Don’t trust a social media platform — or an oil company

A previous generation said never to trust anybody over 30. The modern day remix? Don’t trust a social media platform — or an oil company.

Apple is moving past corporate trash talk in its war of words with Facebook and is forcing the Zuck to comply with new guidelines that protect user privacy (provided they’re using an Apple device). “Beginning sometime this spring, every iOS app that wants to ‘track’ a user — that is, share their behavior and data with other apps, websites, or data brokers — has to first get their express permission,” writes Wired. If most users opt out, this could slash Mark Zuckerberg’s top line by more than 10%. Facebook has in turn launched a PR offensive against Apple, claiming the company will hurt small businesses who use Facebook ads to target customers.

The counterpoint: Apple has a long track record of publicly taking steps to protect user privacy, from limiting third-party cookies in Safari to doing as much computing as possible on device rather than in the cloud. CEO Tim Cook said in 2018 that privacy is a fundamental human right and has called it “one of the top issues of the century” as his battle with Facebook has played out.

Who to trust? Third parties agree: El Face’s campaign against Apple is BS. Read Facebook’s laughable campaign against Apple is really against users and small businesses by the Electronic Frontier Foundation, which calls ‘em as it sees ‘em.

Need a clearer answer? Ask yourselves where the fraudsters are. Number of people on our staff whose credit cards have been compromised and used in a Facebook ad scam in the past two weeks? Two. Number of people whose credit cards have ever been used in an Apple ad scam? Zero.

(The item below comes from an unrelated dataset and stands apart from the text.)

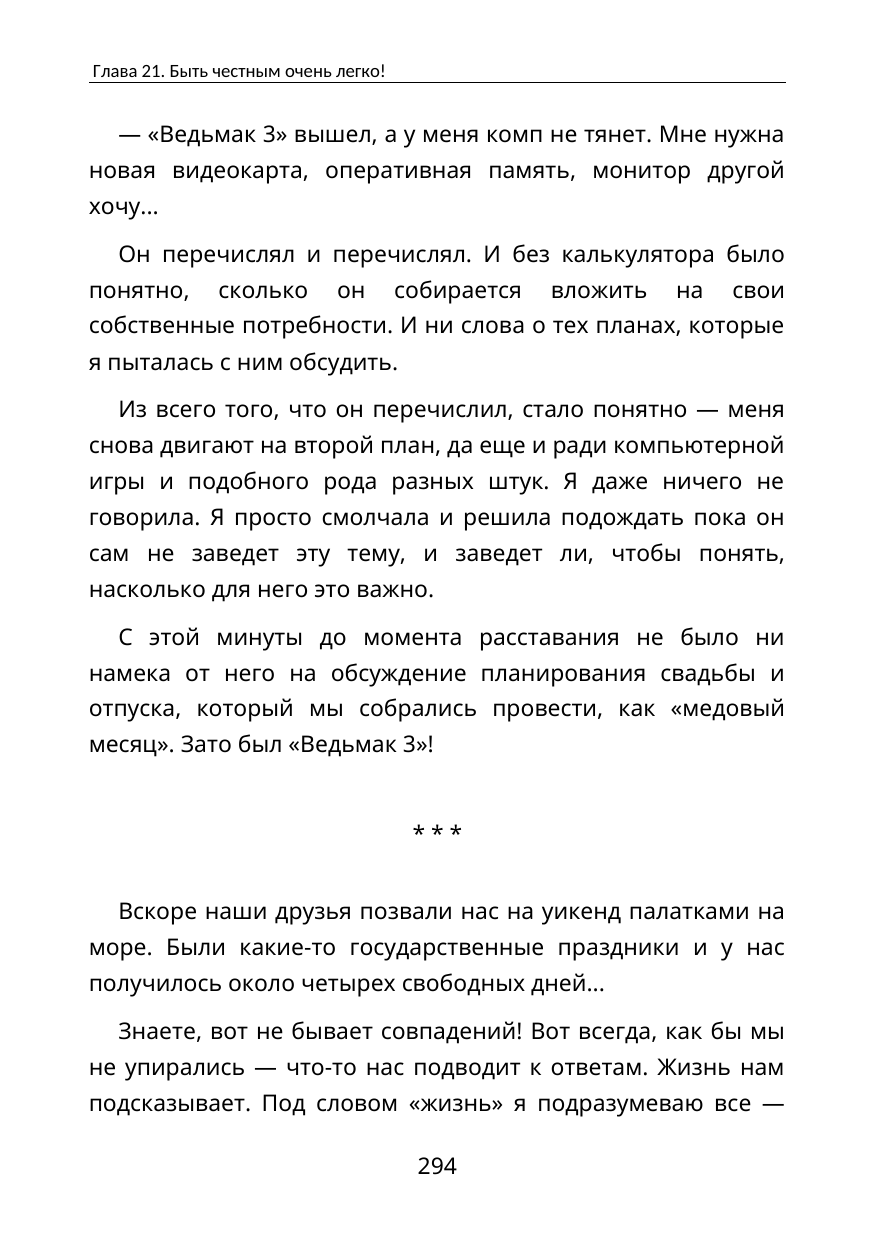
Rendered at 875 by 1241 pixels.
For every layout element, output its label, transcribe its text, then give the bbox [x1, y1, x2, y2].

Big Tech may be rotting our brains, sewing hate and contributing to the general decline of human civilization — but hey, they’re trying to be good to the environment. Amazon, Facebook and Google have joined Apple and Microsoft to become “the dominant buyers of clean power” as they look to make good on environmental pledges, the Financial Times reports.

You know who’s not doing so well by the environment, even as they blather on about becoming “energy” companies? Multinational oil giants. The latest case in point: Chevron just dumped 600 gallons of oil into San Francisco Bay from a refinery on the water’s edge. Every time we turn around, we see the oil industry’s environmental footprint was even worse than we had feared.

Surprised? These are companies that tried to make us all doubt climate change and who used the same people as the tobacco industry to sway public opinion…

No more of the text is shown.